* EXERCISE DESCRIPTION
No pictures belong in the answer. Repeat all the entries exactly.

* EXERCISE INPUTS
┌────────

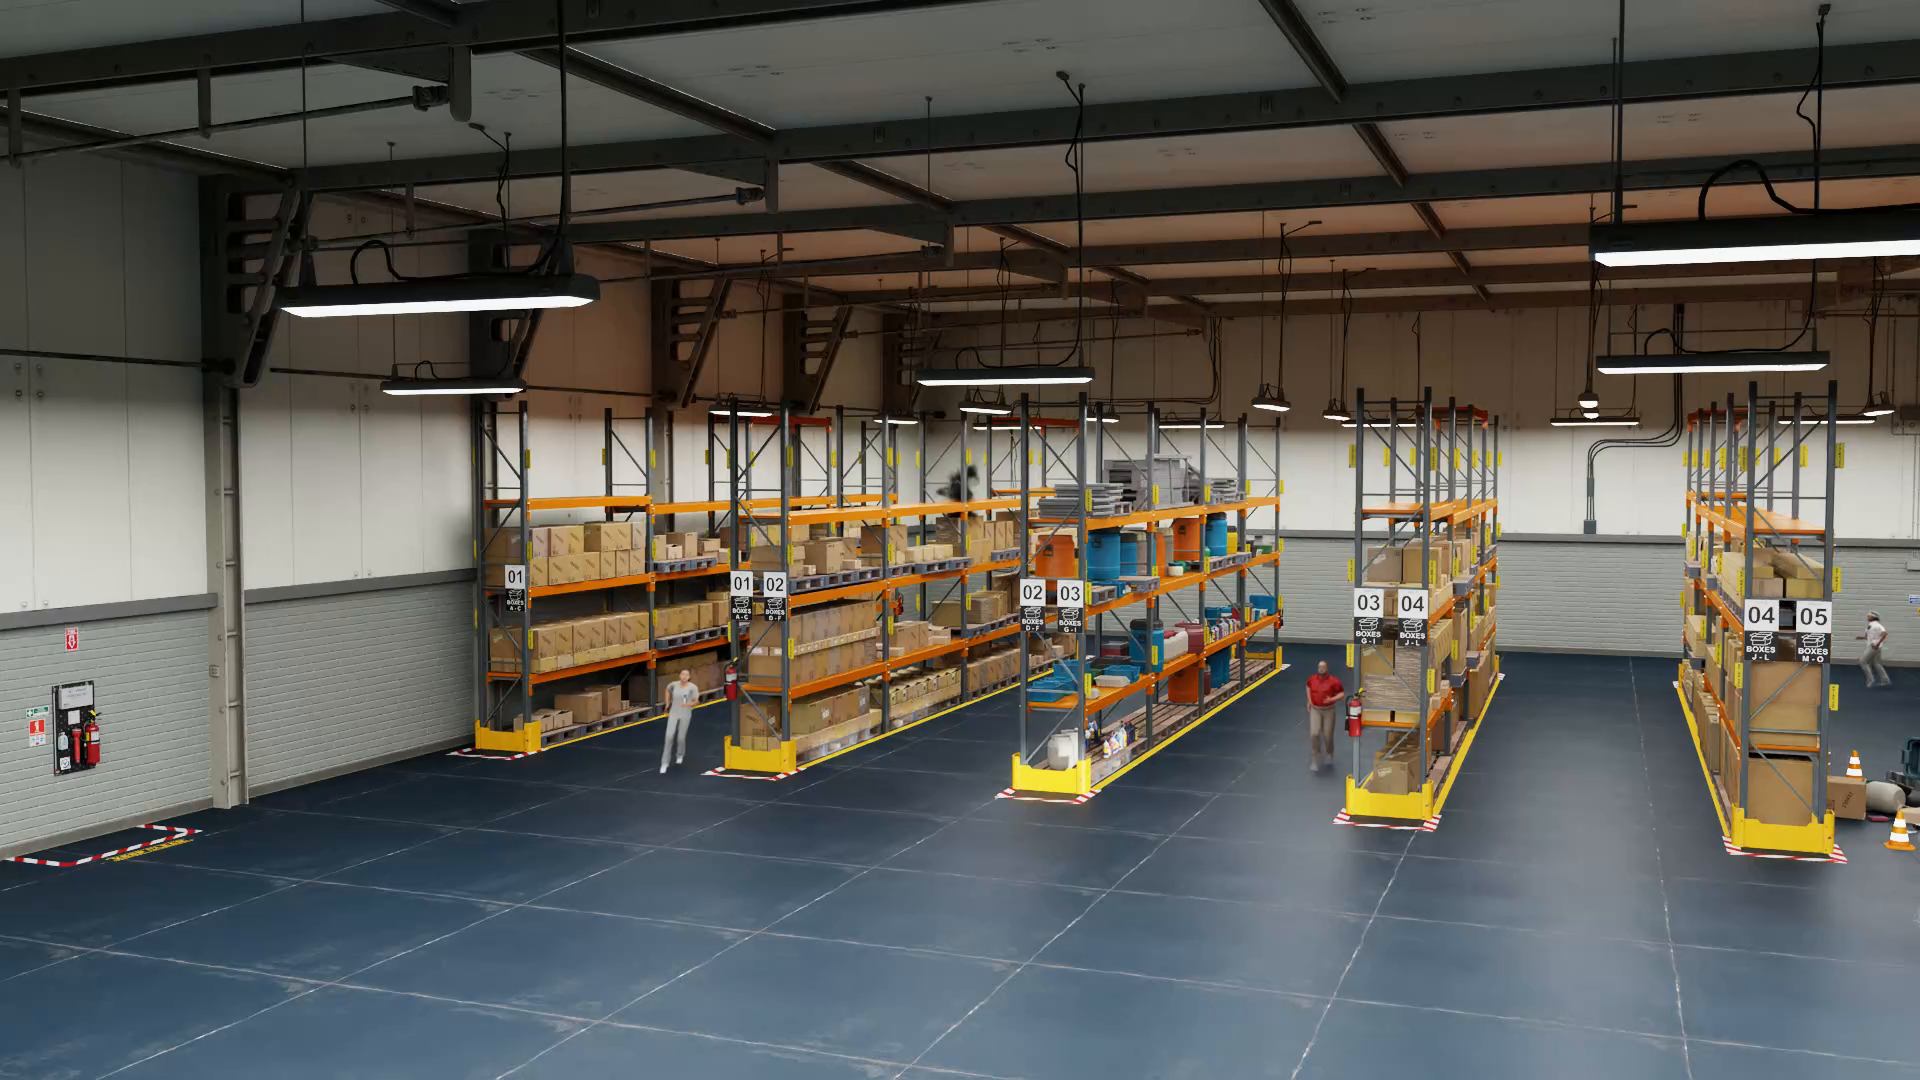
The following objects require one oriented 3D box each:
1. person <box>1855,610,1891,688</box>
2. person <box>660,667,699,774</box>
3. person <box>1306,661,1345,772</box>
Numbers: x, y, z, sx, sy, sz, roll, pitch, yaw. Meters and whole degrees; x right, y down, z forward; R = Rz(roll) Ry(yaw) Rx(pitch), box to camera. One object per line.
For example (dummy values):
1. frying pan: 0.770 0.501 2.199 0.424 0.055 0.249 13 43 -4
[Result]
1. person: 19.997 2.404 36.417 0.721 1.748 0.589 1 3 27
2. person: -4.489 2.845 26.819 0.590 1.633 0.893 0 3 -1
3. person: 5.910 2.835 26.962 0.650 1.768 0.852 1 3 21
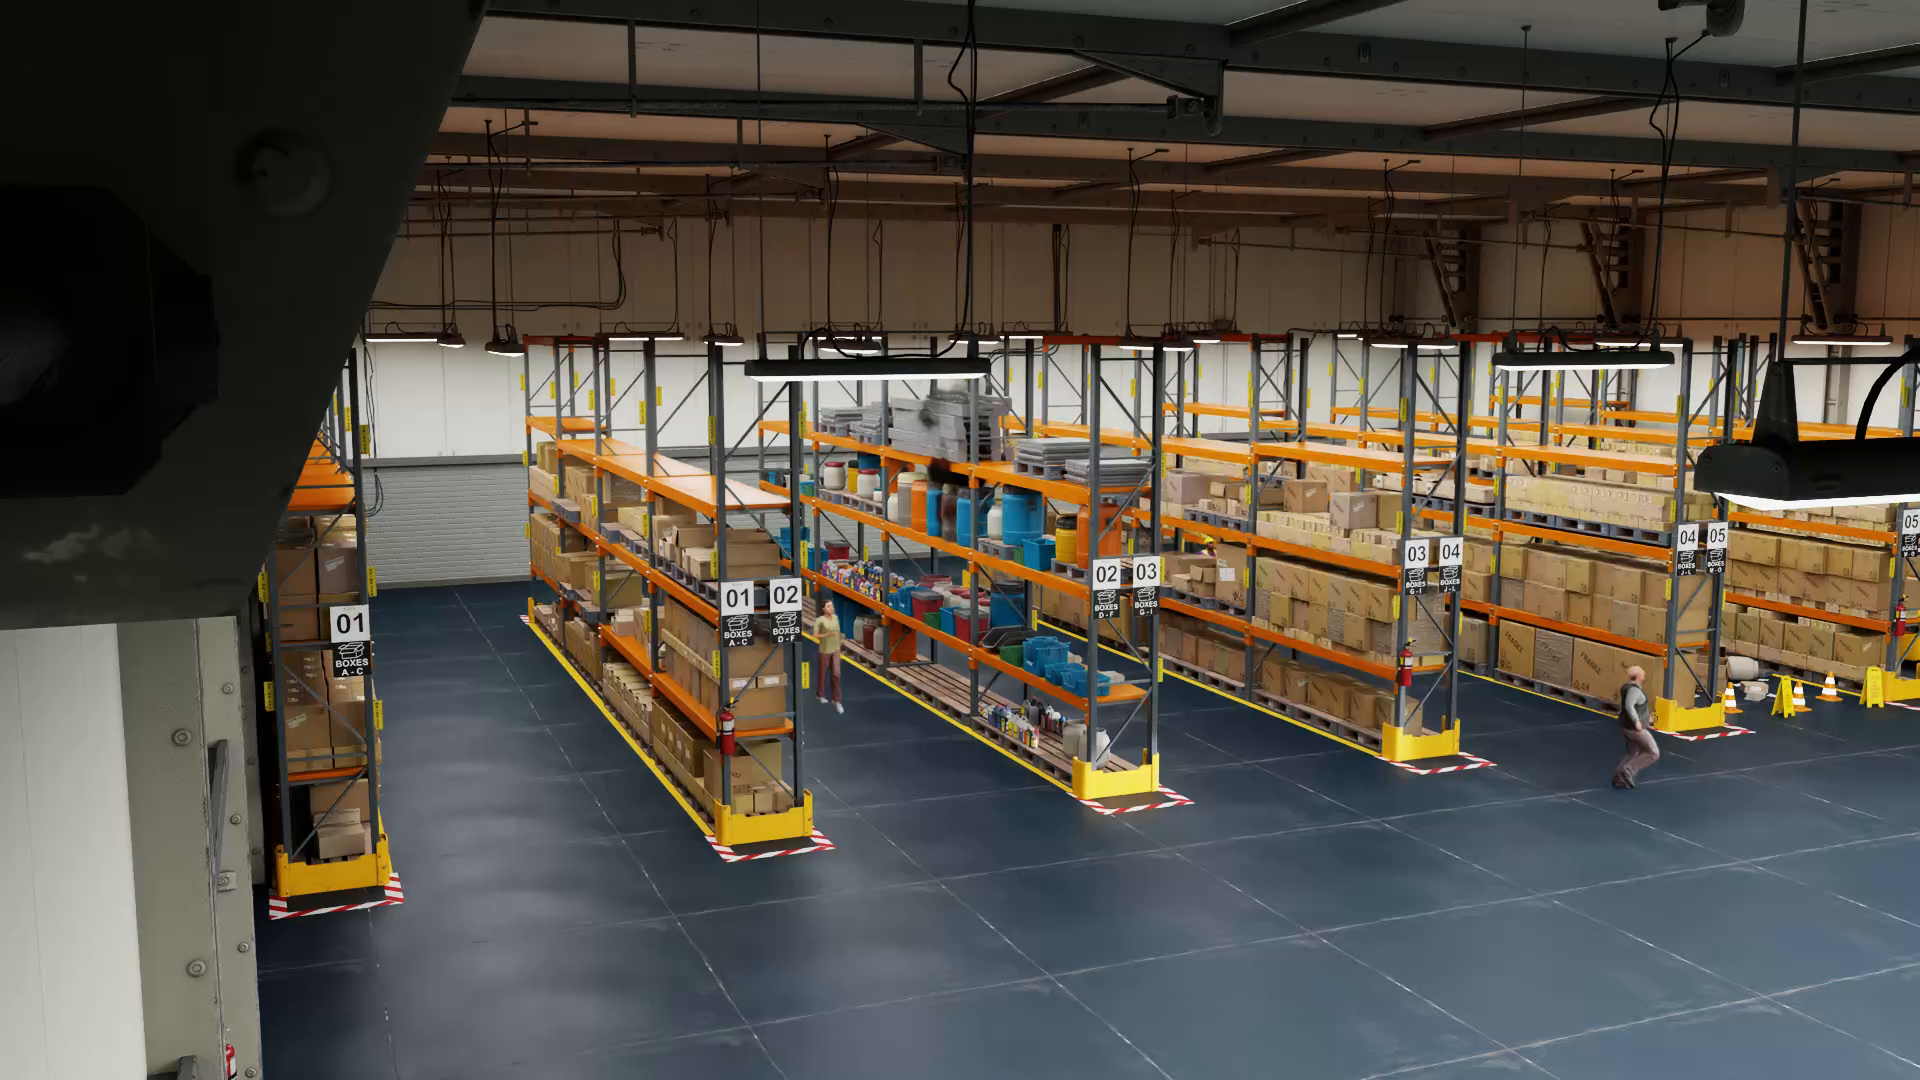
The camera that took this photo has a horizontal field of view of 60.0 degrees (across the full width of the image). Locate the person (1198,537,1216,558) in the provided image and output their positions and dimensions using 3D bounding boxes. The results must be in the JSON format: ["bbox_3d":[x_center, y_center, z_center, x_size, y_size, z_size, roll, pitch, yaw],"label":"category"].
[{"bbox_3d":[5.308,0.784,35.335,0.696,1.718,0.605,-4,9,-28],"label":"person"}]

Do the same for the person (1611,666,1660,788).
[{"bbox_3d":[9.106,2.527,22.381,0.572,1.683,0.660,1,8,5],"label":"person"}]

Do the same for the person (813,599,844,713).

└────────

* ANSWER SPACE
The following objects require one oriented 3D box each:
1. person <box>1855,610,1891,688</box>
2. person <box>660,667,699,774</box>
3. person <box>1306,661,1345,772</box>
Numbers: x, y, z, sx, sy, sz, roll, pitch, yaw. Meters and whole degrees; x right, y down, z forward; R = Rz(roll) Ry(yaw) Rx(pitch), box to camera. One object per line.
For example (dummy values):
1. frying pan: 0.770 0.501 2.199 0.424 0.055 0.249 13 43 -4
[Result]
1. person: 19.997 2.404 36.417 0.721 1.748 0.589 1 3 27
2. person: -4.489 2.845 26.819 0.590 1.633 0.893 0 3 -1
3. person: 5.910 2.835 26.962 0.650 1.768 0.852 1 3 21
The camera that took this photo has a horizontal field of view of 60.0 degrees (across the full width of the image). Locate the person (1198,537,1216,558) in the provided image and output their positions and dimensions using 3D bounding boxes. The results must be in the JSON format: ["bbox_3d":[x_center, y_center, z_center, x_size, y_size, z_size, roll, pitch, yaw],"label":"category"].
[{"bbox_3d":[5.308,0.784,35.335,0.696,1.718,0.605,-4,9,-28],"label":"person"}]

Do the same for the person (1611,666,1660,788).
[{"bbox_3d":[9.106,2.527,22.381,0.572,1.683,0.660,1,8,5],"label":"person"}]

Do the same for the person (813,599,844,713).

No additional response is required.